I was thru that town last year, it's very frightning to see that amount of damage. I was monitoring the spotternetwork yesterday and there were a lot of chasers all around that area. Maybe we as a community can converge there and lend a hand.
Today's batch of tornadoes nearly paralleled the Friday night event, so it will be extremely difficult to differentiate tornadoes that occurred on Friday from tornadoes that occurred on Saturday. Will be interesting to see what DDC comes out with in the coming days.
That radar loop from page 2 is unreal. Notice how the hook appears to turn into a "ball" just as it crosses over Greensburg. The reflectivity values also increase sharply as it passes over the town. Somehow I never noticed that the night of the event while watching the single scan updates on GR Level 3 but I am now convincved that was a debris ball showing up while the tornado was crossing the town.
Good advice in general, but the Greensburg couplet was so well defined base velocity resolved it just fine. I usually keep GR 3 running for the duration of severe weather events on several different radar site and save hundreds of images in several different modes including base reflectivity, base reflectivity with storm attribute overlays, base reflectivity smoothed, base velocity, and storm relative velocity tilt 1 and 2.

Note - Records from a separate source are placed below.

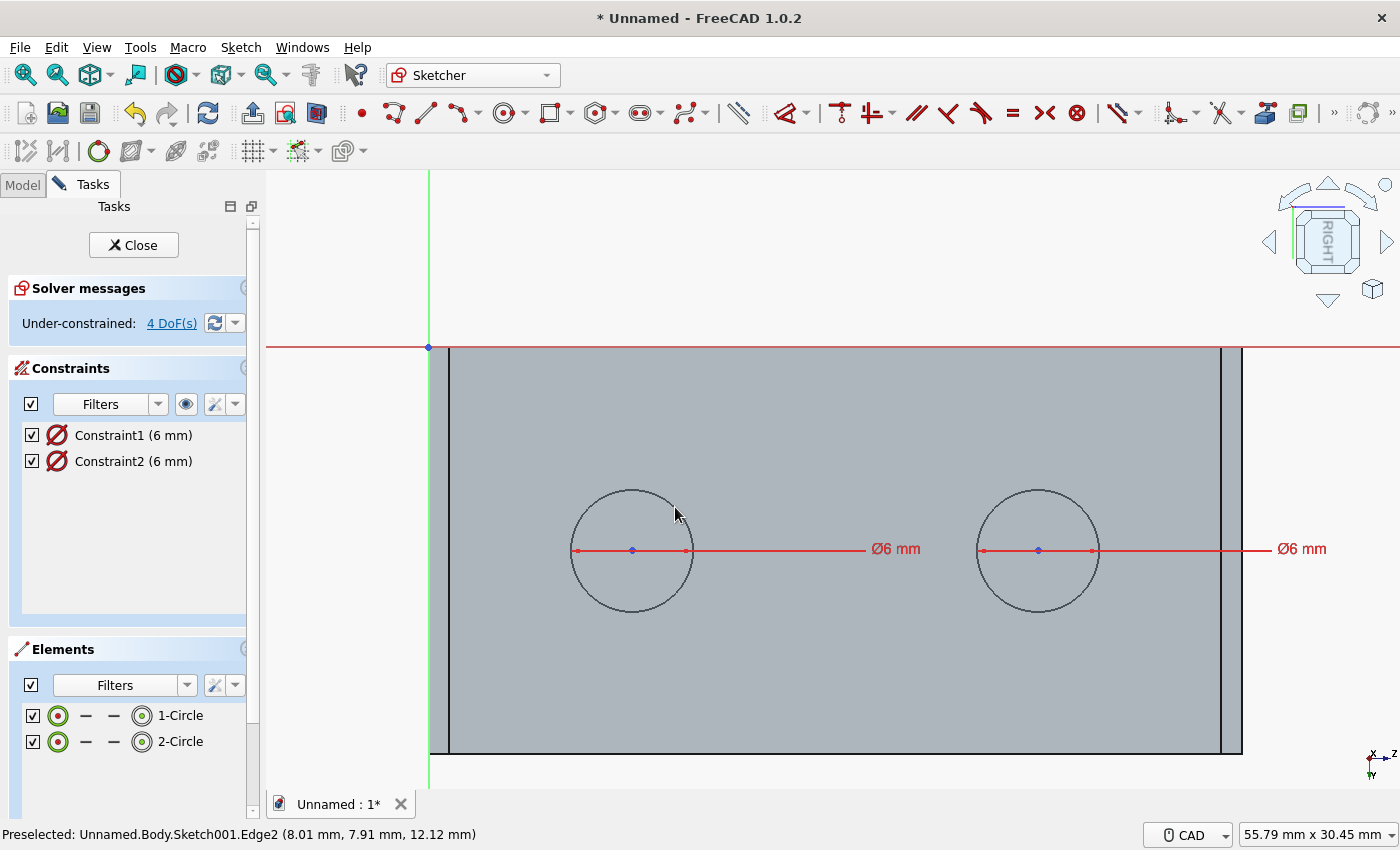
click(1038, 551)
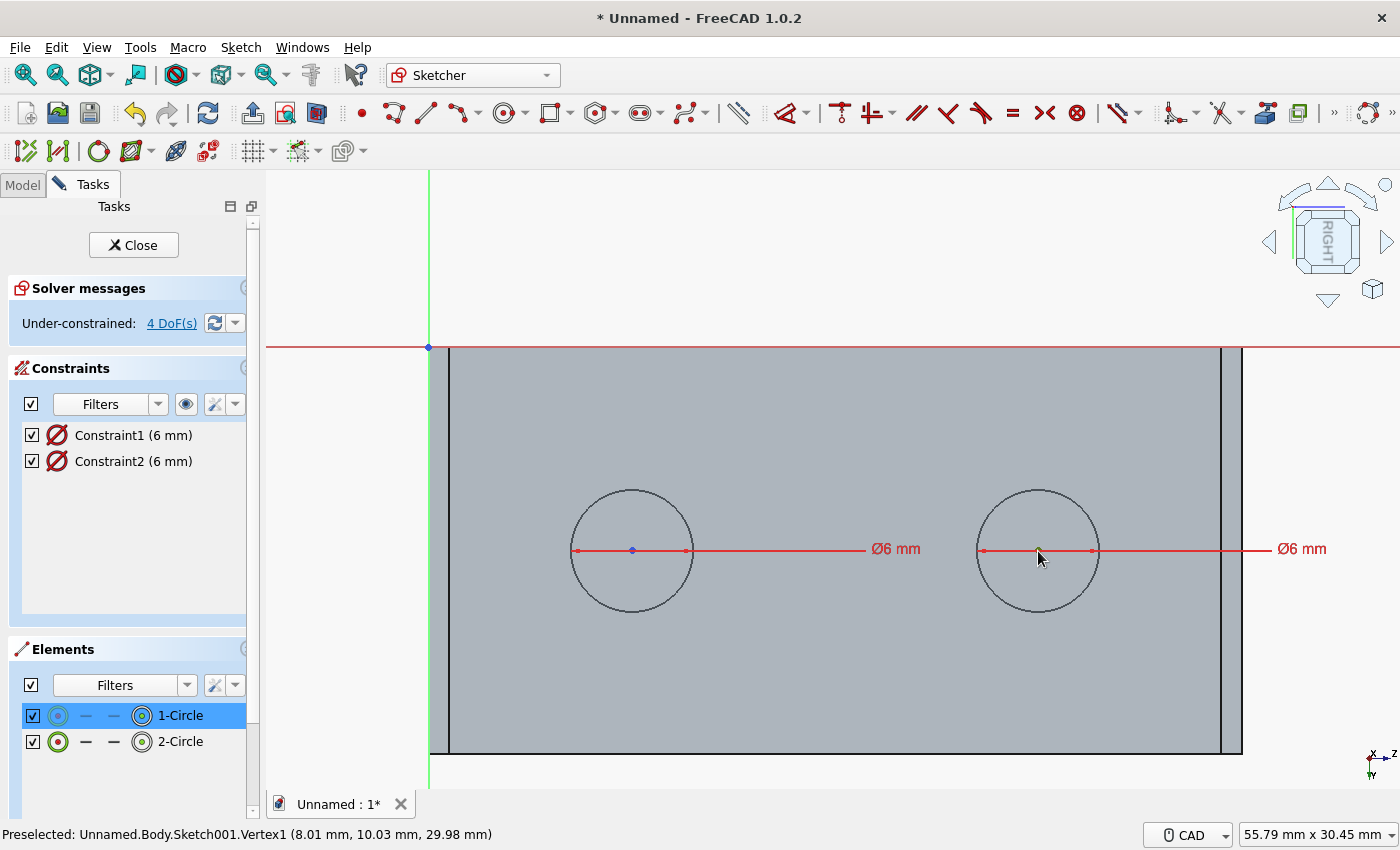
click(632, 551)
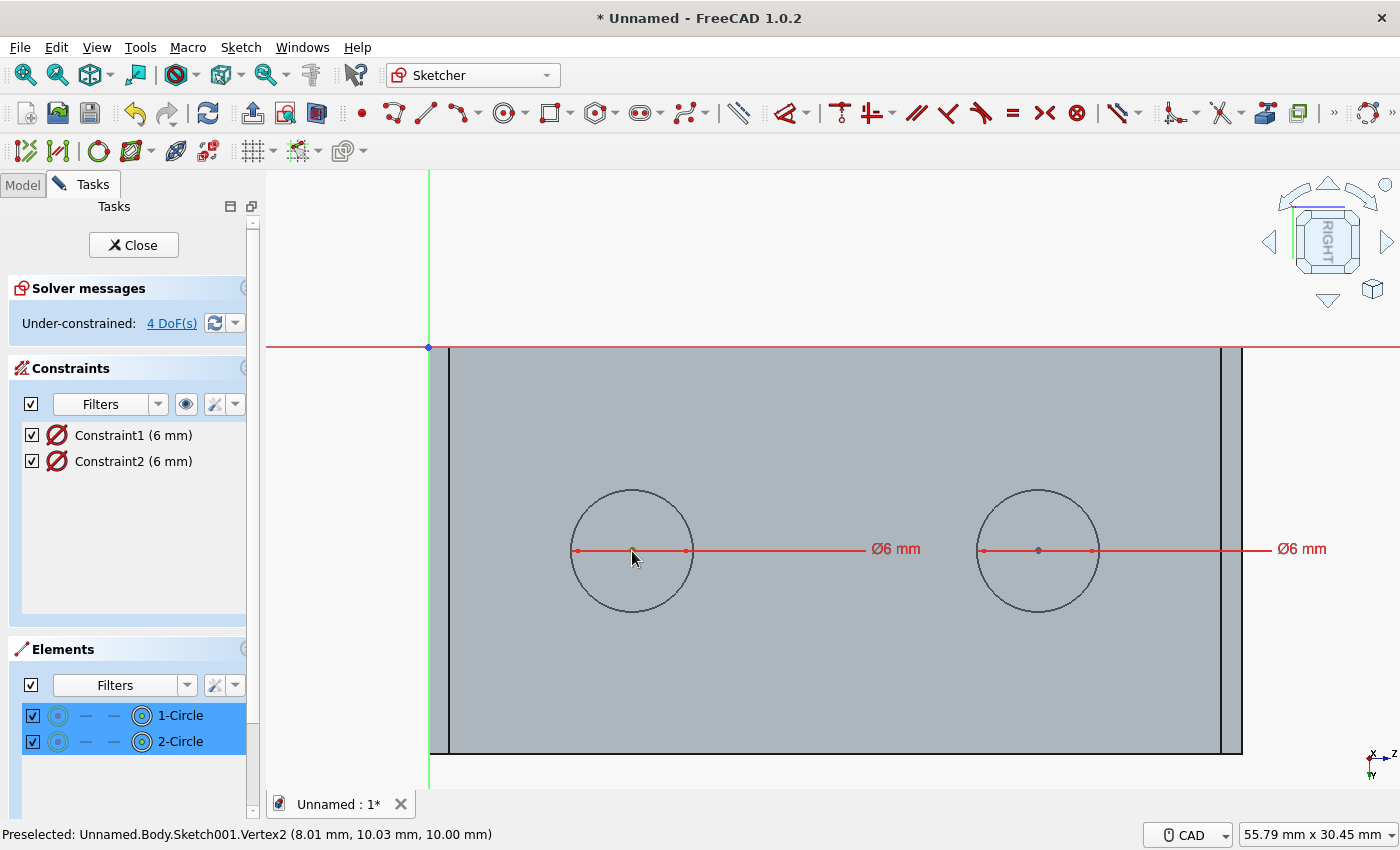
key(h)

I'd be curious as to what closer meterological study of this event reveals as what made conditions so perfect for such a violent tornado. After all there have been plenty of very destructive tornadoes between May 4, 1999 and May 3, 2007, but none that quite reached this level of violence. I used to remark after seeing damage from some of the most significant tornadoes of 2005/2006 that if that's not F5 damage, nothing is anymore, but after seeing what's left of Greensburg I can see that there is something uniquely devastating about this tornado. However, on the face of it there didn't seem to be anything different about Friday than other classic severe weather setups in recent years that "just" produced (E)F3-4 tornadoes.